If you're going to send the Music Editor off to write a travel piece, there can be few places better suited than San Fran. Luckily, Dave Kerr was taken by the city's various cultural offerings

Feature by Dave Kerr | 09 Aug 2007

Half cut and leaning out of a cable car as it rattles up Nob Hill, San Francisco, a fly in the mouth or a telling off from the ticket inspector are the realest threats The Skinny can see.

Safety is the issue here, because as surely as the heavy fog obscures the view of the Golden Gate Bridge, too many backpacker guides to San Francisco place an overbearing emphasis on safety. It's that kind of elaborate caution that perpetuates fear, and fear makes for one hell of a crap holiday. So I chose to pay no mind to the paranoid warnings that would have had me locked in the hotel room in a state of catatonic agoraphobia, trembling in fear of the next minor tremor (I'd been sitting in the hotel for precisely five minutes when the first one hit).

San Francisco has its rougher edges, but common sense should see you navigate the city with minimal hassle. A city of copious distractions in terms of culture, ambience and general livability, San Francisco is one of the most celebrated jewels in California's Sunkist crown. Having provided the canvas for the 'Beat' poets, as well as the stomping ground for some of America's most famous protagonists - both real and fictitious - from Frank Bullitt and Dirty Harry to Mark Twain and Allen Ginsberg, Frisco's artistic vibrancy has continued to thrive and diversify. In terms of music, ever-close to the city's pulse, its thrash metal scene and genre jumping hip-hop set have come to earn their places in the history books in recent years.

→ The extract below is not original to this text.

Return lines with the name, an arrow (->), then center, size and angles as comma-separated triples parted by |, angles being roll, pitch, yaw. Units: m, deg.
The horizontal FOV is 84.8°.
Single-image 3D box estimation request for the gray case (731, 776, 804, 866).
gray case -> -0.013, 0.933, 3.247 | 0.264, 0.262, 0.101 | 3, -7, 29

The Rock, however, brings perhaps the most vividly documented details of the city's legacy to life. Upon docking at Alcatraz, it seems obvious that the most compelling tours must take place during the dawn and dusk trips. Throughout the day, half hourly ferries bring honorary cons to the island to serve a few hours hard time, so come lunchtime the darkened halls are densely populated. But this is the place 'Birdman' biographer Thomas E. Gaddis famously dubbed "the black molar in the jawbone of the United States prison system", and walking the island with the accompaniment of a self-operated audio guide - provided by a range of brutally truthful ex-prisoners and guards - feels as close to achieving tangible contact with history as it gets.

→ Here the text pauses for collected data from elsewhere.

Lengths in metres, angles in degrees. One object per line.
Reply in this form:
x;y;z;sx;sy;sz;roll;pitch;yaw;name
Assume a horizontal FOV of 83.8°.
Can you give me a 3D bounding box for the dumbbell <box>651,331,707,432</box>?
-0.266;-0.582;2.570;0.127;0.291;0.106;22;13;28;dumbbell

Back on the mainland, it's almost impossible to resist the lure of Pier 39 at Fisherman's Wharf. It is a bustling coastal row marketplace rammed with street entertainers, fresh food (apparently a rarity in any US state), and an aquarium overrun with native sea lions, sharks, and bat rays. There's also some bloke persistently trying to flog us a guitar signed by Jack Nicholson. It's easy enough to burn half a day mulling around the 45 acre complex - brew in one hand and some manner of battered poisson in the other. Just kick back by the Bay and you'll come close to dismissing the parallel delicacy of a can of Strike Cola and a haddock supper in the car at Anstruther Harbour.

San Francisco is easy to get around. To get to the centre of the city from the Wharf you have the choice of going on foot, by cable car along the Powell-Mason line from Bay Street, or jumping on the cheap and reliable bus service which operates throughout.

But first a vital pit stop is the North Beach area, sandwiched between the Wharf and Chinatown. Still in evidence here are remnants of the 1950s Beatnik era. Various dedicated local book shops still operate within reasonable prices and the famed Caffe Trieste – "the West Coast's first espresso coffee house," not to mention onetime haunt of Francis Ford Coppola and Jack Kerouac - continues to pour a mean cuppa joe and offers a shrine of sorts to the literary malcontents it is believed to have been a hub for.

Still thirsty? On a corner about halfway down Columbus Avenue sits a fairly old fashioned looking microbrewery imaginatively christened the 'San Francisco Brewing Company'. A few pale ales (Albatross comes highly recommended) by the roadside and you're all set for a stagger through the picturesque Chinatown – the largest outside Asia – which offers up the kind of tea houses and restaurants you'd expect to find in the Far East, not the Far West.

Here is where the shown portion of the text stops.